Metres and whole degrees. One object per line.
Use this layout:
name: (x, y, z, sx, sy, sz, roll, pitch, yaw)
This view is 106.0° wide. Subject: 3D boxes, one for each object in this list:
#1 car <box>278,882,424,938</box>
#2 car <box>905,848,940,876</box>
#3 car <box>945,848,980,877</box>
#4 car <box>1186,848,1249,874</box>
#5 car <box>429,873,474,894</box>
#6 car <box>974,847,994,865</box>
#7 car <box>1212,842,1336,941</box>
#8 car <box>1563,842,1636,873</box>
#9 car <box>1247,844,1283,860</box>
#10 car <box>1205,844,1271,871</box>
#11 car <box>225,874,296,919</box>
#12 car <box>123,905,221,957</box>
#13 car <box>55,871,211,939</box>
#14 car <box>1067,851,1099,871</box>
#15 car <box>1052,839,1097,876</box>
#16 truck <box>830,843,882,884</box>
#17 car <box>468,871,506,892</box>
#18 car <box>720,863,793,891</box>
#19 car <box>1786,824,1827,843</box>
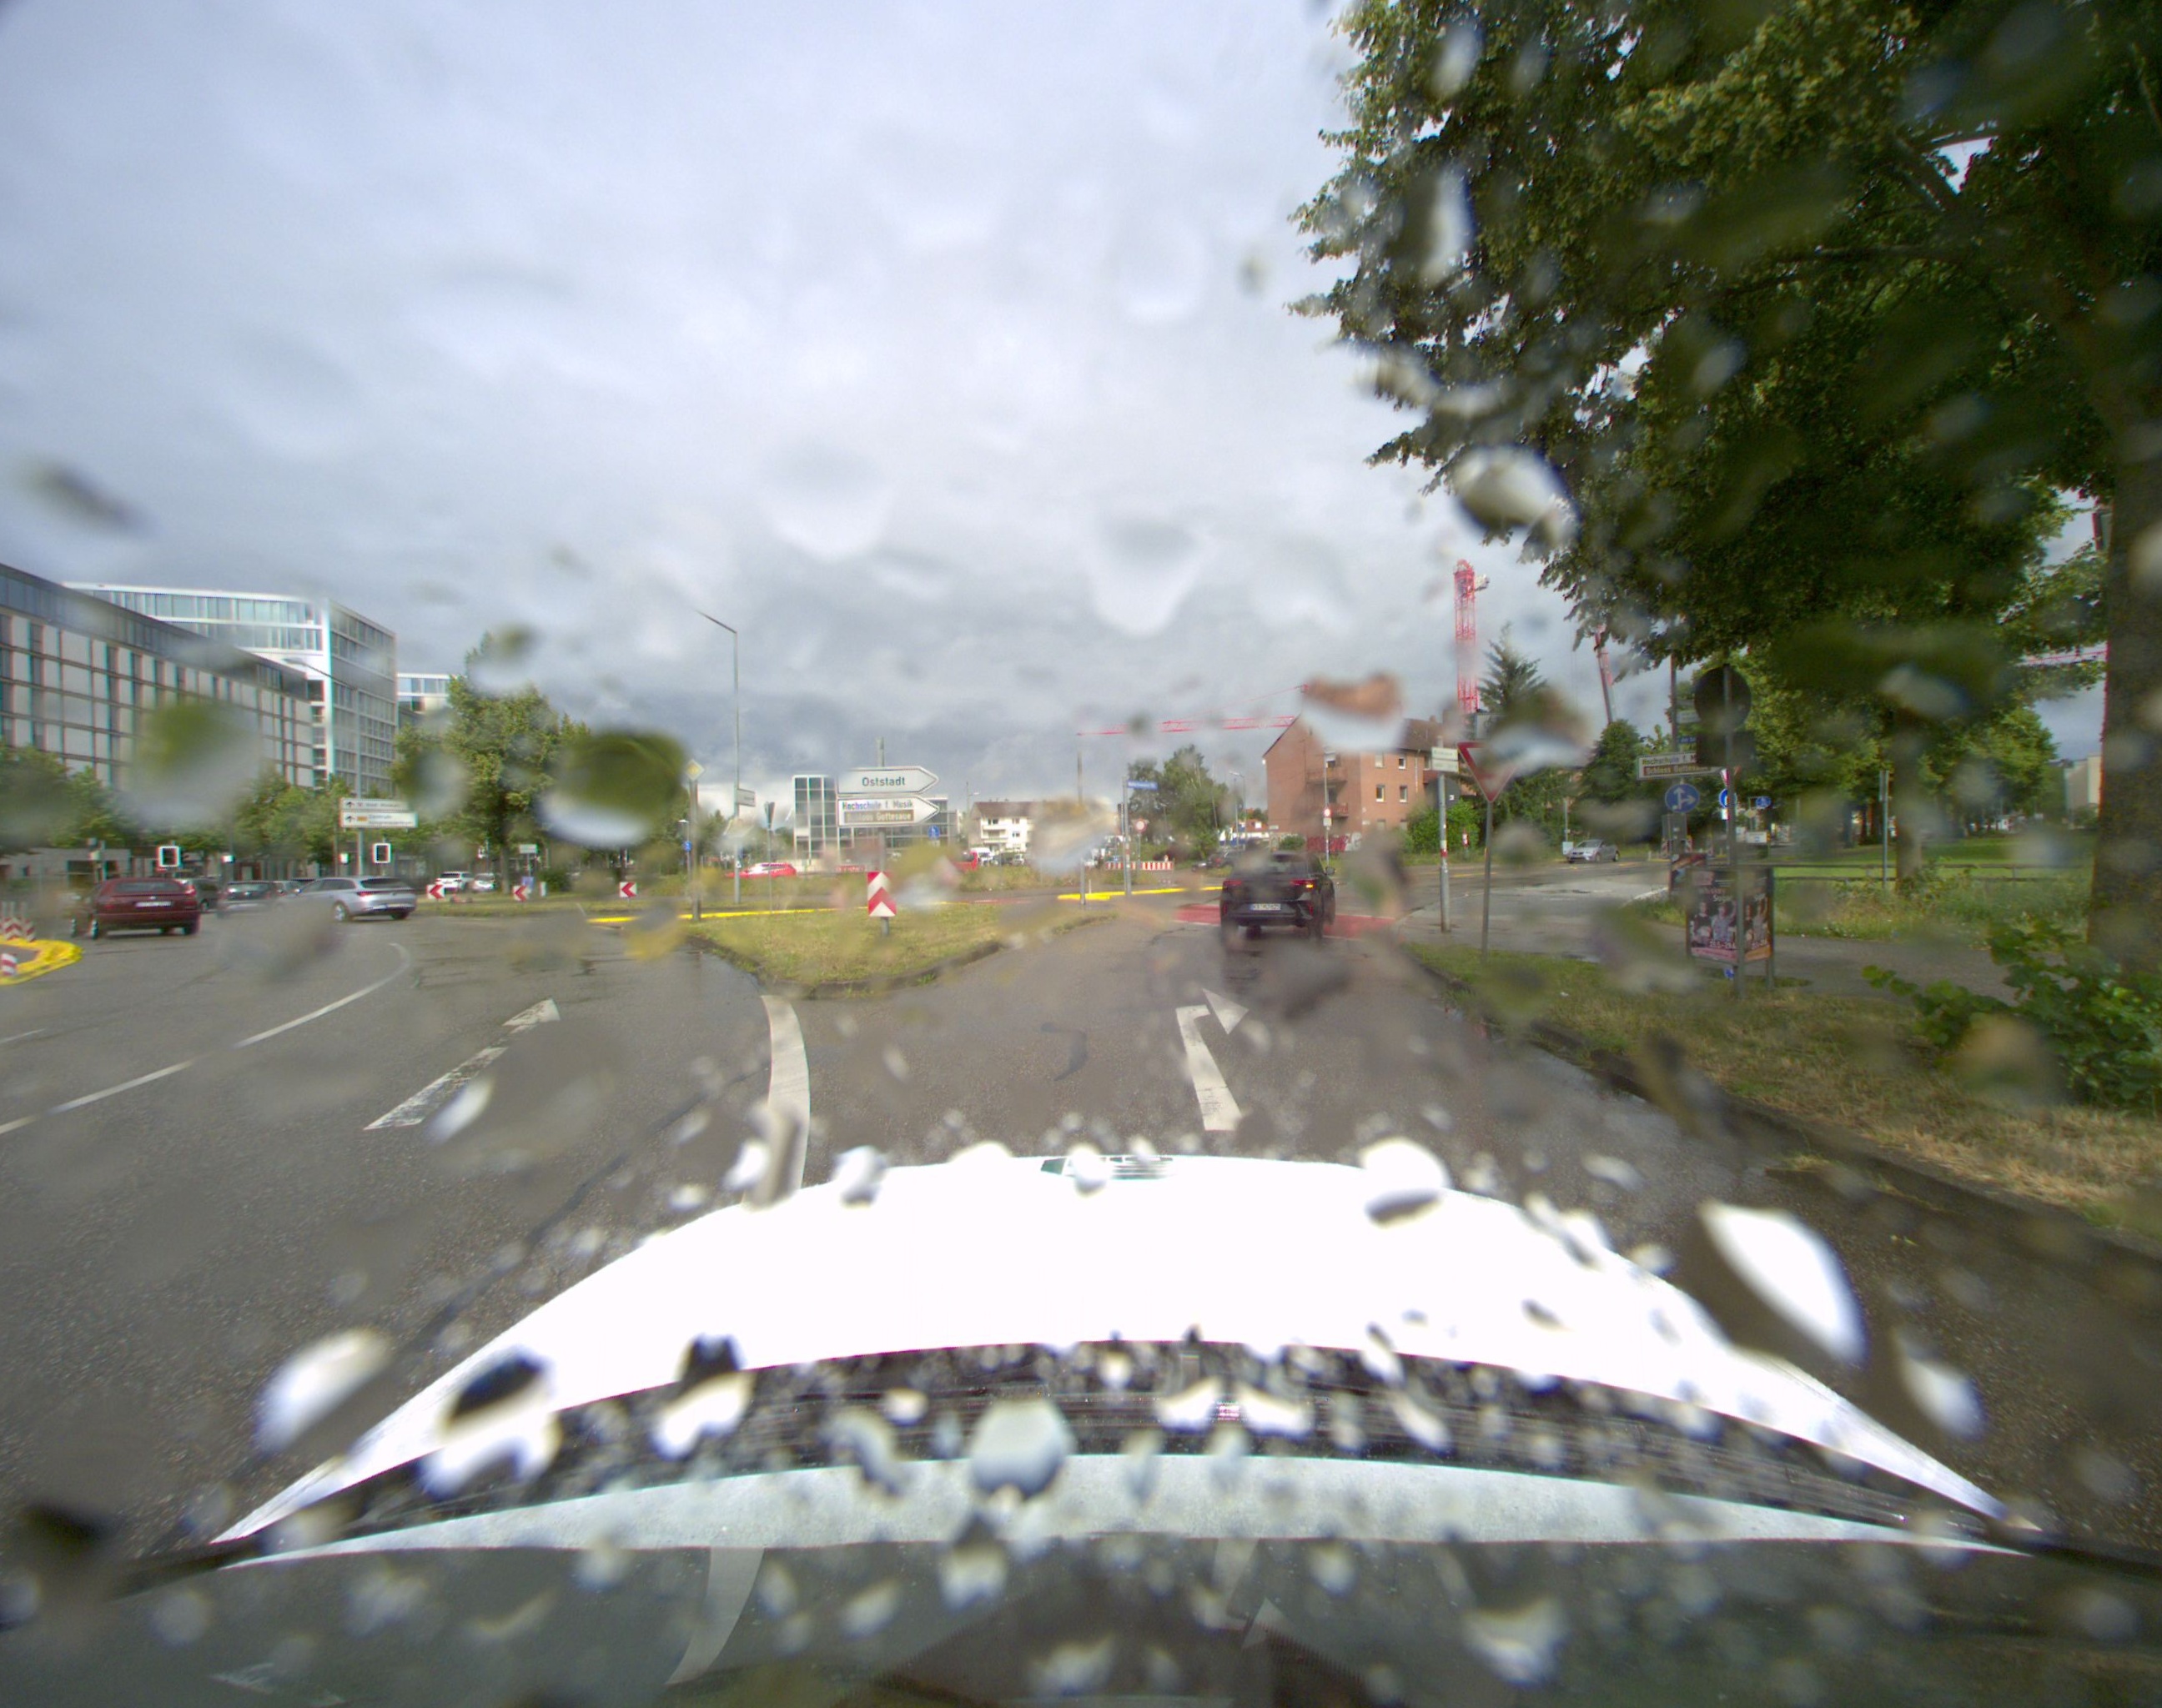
car: (-22.851, 1.745, 25.530, 3.513, 1.560, 1.606, -2, 1, 13)
car: (-10.806, 0.518, 55.390, 1.857, 1.700, 3.977, -2, 2, -18)
car: (-7.786, 0.518, 53.222, 1.926, 1.700, 3.983, -1, 2, -13)
car: (9.485, 0.492, 56.894, 4.039, 1.632, 1.614, -2, 0, -6)
car: (-48.749, 2.243, 63.159, 1.498, 1.510, 3.482, 0, -1, -15)
car: (-12.599, 0.216, 105.832, 2.372, 2.084, 4.957, -1, 2, -8)
car: (3.832, 0.617, 15.620, 1.882, 1.617, 4.020, -1, 0, 19)
car: (32.672, 0.197, 51.291, 4.714, 1.731, 2.062, -2, 2, -31)
car: (18.911, -0.226, 83.668, 3.482, 1.519, 1.624, -2, 0, 17)
car: (10.458, 0.229, 54.406, 4.039, 1.632, 1.614, -2, 0, -6)
car: (-32.616, 1.637, 32.459, 1.558, 1.560, 3.460, -2, 1, -38)
car: (-33.865, 2.814, 30.444, 1.556, 1.560, 3.464, -2, 1, -33)
car: (-23.437, 1.255, 20.118, 3.949, 1.462, 1.731, -3, 0, 29)
car: (0.243, 0.771, 90.462, 2.003, 2.123, 3.967, -2, 0, -25)
car: (-0.498, 0.155, 52.165, 2.035, 2.084, 6.249, -1, 2, -8)
truck: (-14.233, 0.523, 51.834, 2.389, 2.211, 6.084, -1, 2, -9)
car: (-45.344, 2.062, 62.224, 1.501, 1.510, 3.475, 0, -1, -22)
car: (-20.677, 1.430, 51.979, 4.195, 1.510, 1.845, -2, 2, -22)
car: (68.566, -1.967, 76.973, 4.721, 1.731, 2.059, -3, 3, -38)
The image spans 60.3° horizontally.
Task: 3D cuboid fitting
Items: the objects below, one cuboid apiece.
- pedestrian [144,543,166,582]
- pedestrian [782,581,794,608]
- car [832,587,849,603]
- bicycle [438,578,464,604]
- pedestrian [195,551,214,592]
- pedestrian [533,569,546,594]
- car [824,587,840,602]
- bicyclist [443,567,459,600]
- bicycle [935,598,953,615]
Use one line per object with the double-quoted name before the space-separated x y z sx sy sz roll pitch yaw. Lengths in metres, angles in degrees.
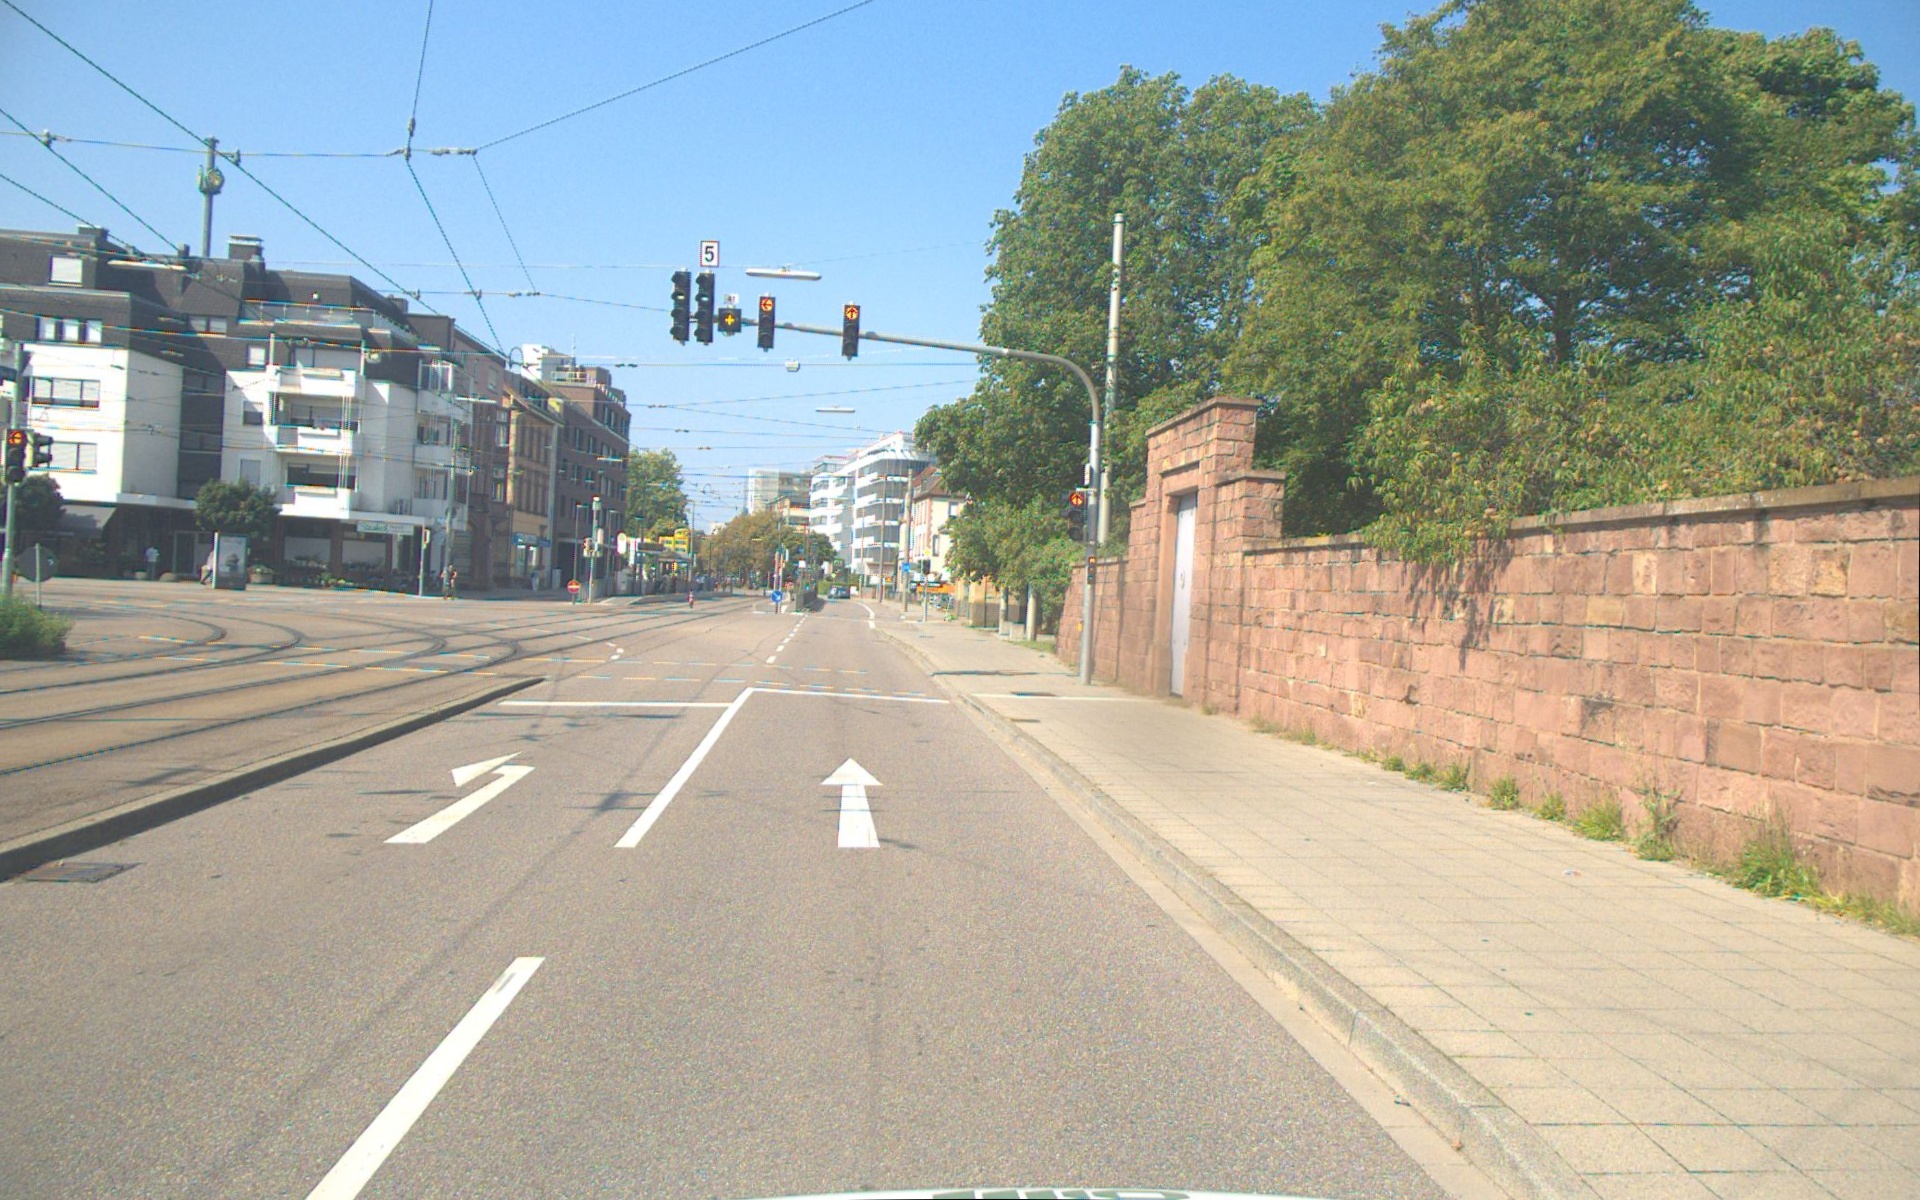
"pedestrian" -36.561 -1.701 75.121 0.666 1.771 0.697 1 0 -3
"pedestrian" -11.211 -0.361 107.567 0.705 1.733 0.883 1 0 -3
"car" -14.660 -0.595 203.618 1.971 1.891 3.998 1 0 -3
"bicycle" -23.866 -0.424 77.562 0.563 1.200 2.207 1 0 -2
"pedestrian" -32.913 -1.225 72.070 0.594 1.776 0.558 1 0 -38
"pedestrian" -28.665 -1.264 112.749 0.473 1.587 0.887 4 -1 7
"car" -16.230 -0.705 209.673 1.971 1.891 3.998 1 0 -3
"bicyclist" -23.854 -0.762 77.476 0.557 1.549 0.489 1 0 -3
"bicycle" -1.141 0.423 115.042 0.718 1.152 2.832 -1 0 -11

→ **Task requirements**
The response must contain each line above that holds the string "cuboid".

→ **Answer box**
Task: 3D cuboid fitting
Items: the objects below, one cuboid apiece.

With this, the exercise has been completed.